3.4 Descrição dos Dados

3.4.4 Panorama das Construções V3

3.4.4.2 Construções V3 nos Séculos 18 e 19

Para a amostra de dados dos séculos 18 e 19, observamos que as sequências V3 passam a ser mais frequentes na forma de estruturas com sujeito pré-verbal, seja em orações encaixadas, onde de fato já tínhamos essa dinâmica, seja em orações principais, onde se instaura esse novo padrão.
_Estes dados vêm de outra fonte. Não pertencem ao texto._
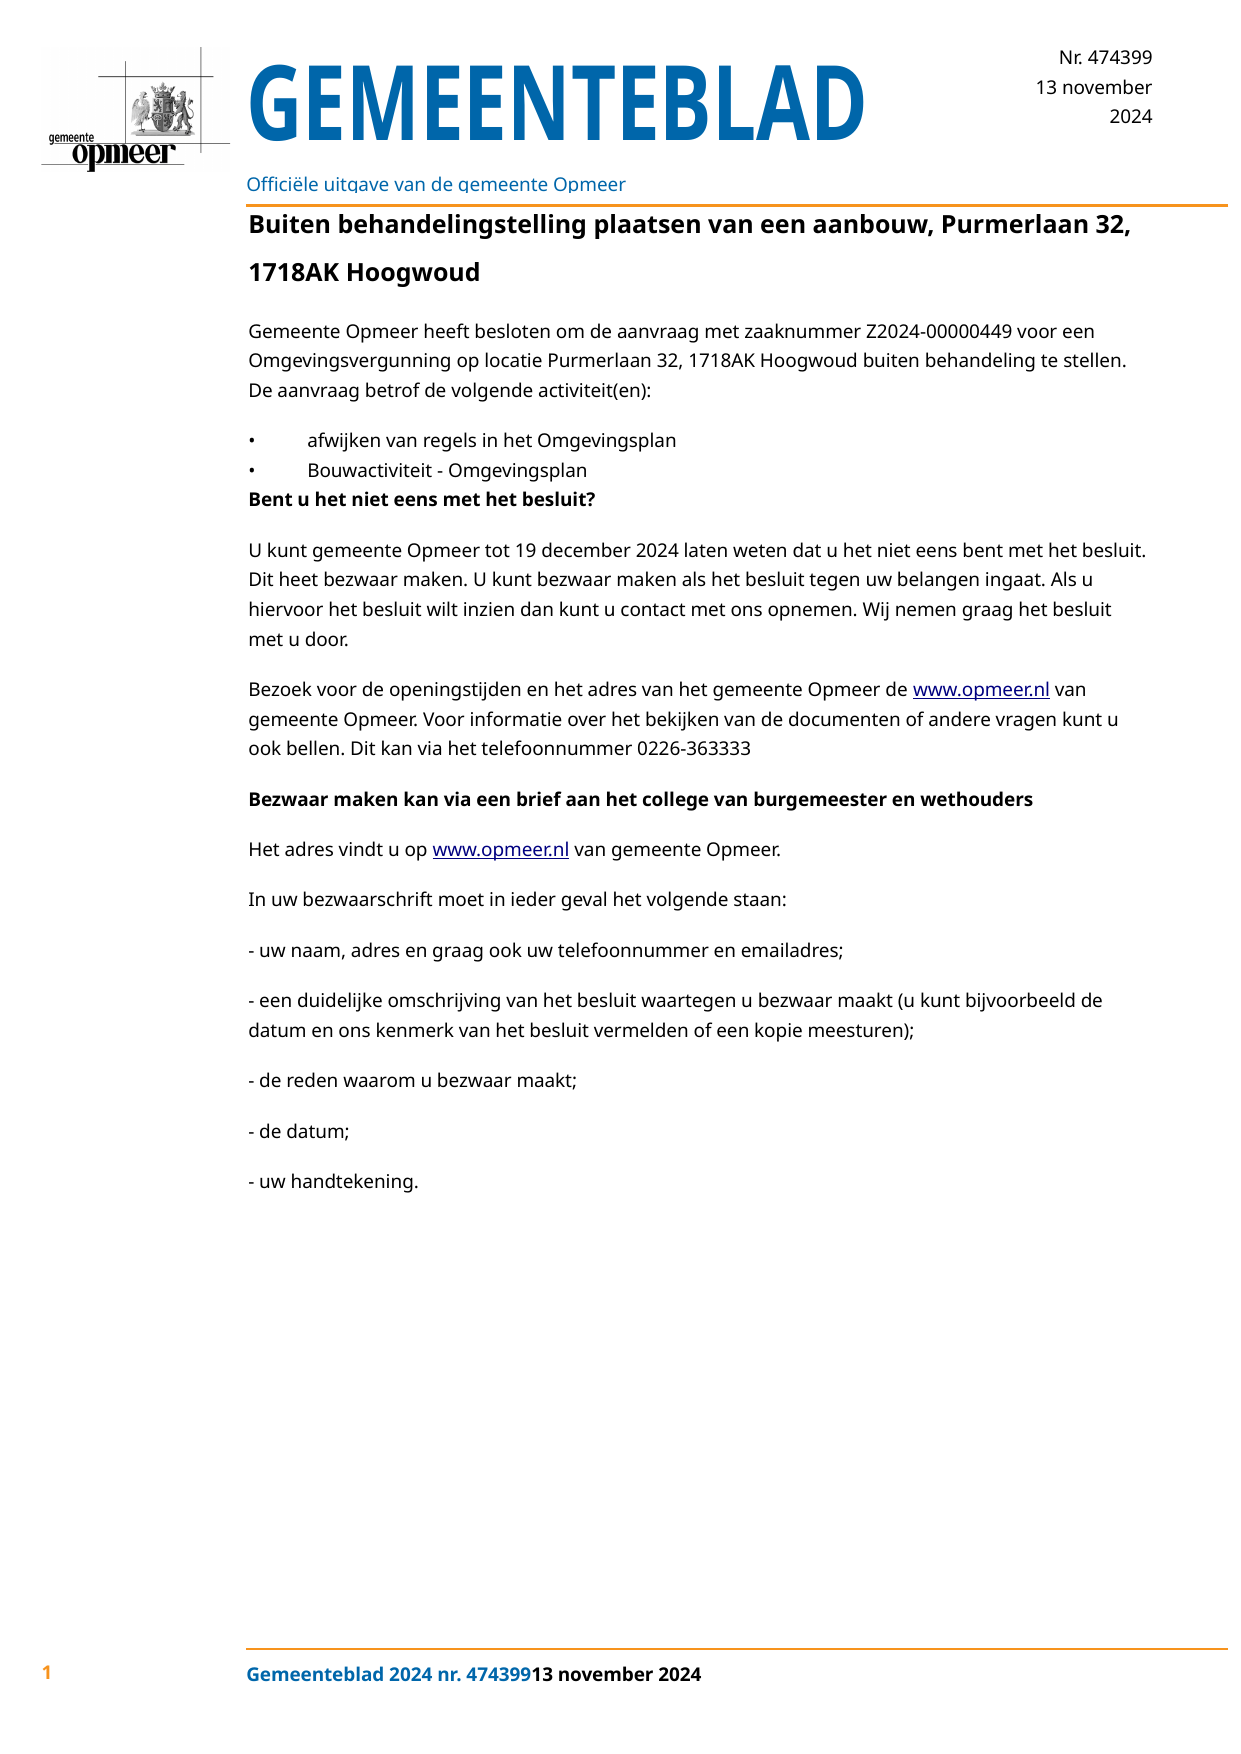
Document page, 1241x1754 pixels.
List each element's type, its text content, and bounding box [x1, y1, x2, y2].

text Bent u het niet eens met het besluit? [248, 487, 1152, 512]
text Buiten behandelingstelling plaatsen van een aanbouw, Purmerlaan 32, 1718AK Hoogwoud [248, 207, 1152, 288]
text Het adres vindt u op www.opmeer.nl van gemeente Opmeer. [248, 836, 1152, 862]
text Bezoek voor de openingstijden en het adres van het gemeente Opmeer de www.opmeer.nl van gemeente Opmeer. Voor informatie over het bekijken van de documenten of andere vragen kunt u ook bellen. Dit kan via het telefoonnummer 0226-363333 [248, 676, 1152, 761]
text - een duidelijke omschrijving van het besluit waartegen u bezwaar maakt (u kunt bijvoorbeeld de datum en ons kenmerk van het besluit vermelden of een kopie meesturen); [248, 987, 1152, 1043]
text Bezwaar maken kan via een brief aan het college van burgemeester en wethouders [248, 786, 1152, 812]
text - de reden waarom u bezwaar maakt; [248, 1067, 1152, 1093]
list afwijken van regels in het Omgevingsplan [248, 427, 1152, 453]
text - uw naam, adres en graag ook uw telefoonnummer en emailadres; [248, 937, 1152, 963]
text U kunt gemeente Opmeer tot 19 december 2024 laten weten dat u het niet eens bent met het besluit. Dit heet bezwaar maken. U kunt bezwaar maken als het besluit tegen uw belangen ingaat. Als u hiervoor het besluit wilt inzien dan kunt u contact met ons opnemen. Wij nemen graag het besluit met u door. [248, 537, 1152, 652]
list Bouwactiviteit - Omgevingsplan [248, 457, 1152, 483]
text Gemeente Opmeer heeft besloten om de aanvraag met zaaknummer Z2024-00000449 voor een Omgevingsvergunning op locatie Purmerlaan 32, 1718AK Hoogwoud buiten behandeling te stellen. De aanvraag betrof de volgende activiteit(en): [248, 318, 1152, 403]
text - uw handtekening. [248, 1168, 1152, 1194]
picture [41, 47, 231, 172]
text In uw bezwaarschrift moet in ieder geval het volgende staan: [248, 887, 1152, 912]
text - de datum; [248, 1118, 1152, 1144]

Inicialmente, apresentamos os casos de ordem linear SXV, com exemplos de orações principais em (51) e exemplos de orações encaixadas em (52). (51) a. [Estes corações] [nas companhias públicas] estão como se estivessem sós;

(Cavaleiro, 05.88)

b. [A sua origem e o seu curso] [jamais] cessam, conservando sempre a graça da novidade. (Cavaleiro, 07.125)

c. [A vaidade] [por ser causa de alguns males], não deixa de ser princípio de alguns bens: (Aires, 14.152)

d. [A vaidade] [logo] traz consigo o desembaraço, (Aires, 21.324)

e. [As suas filhas], [se fossem felizes], saberiam muito menos, (Marquesa, 54.772)

f. [Dona Maria Antónia e Dona Bernarda Campos], [mostrando-se muito minhas amigas e muito minhas interessadas], quiseram saber logo (Marquesa, 60.820)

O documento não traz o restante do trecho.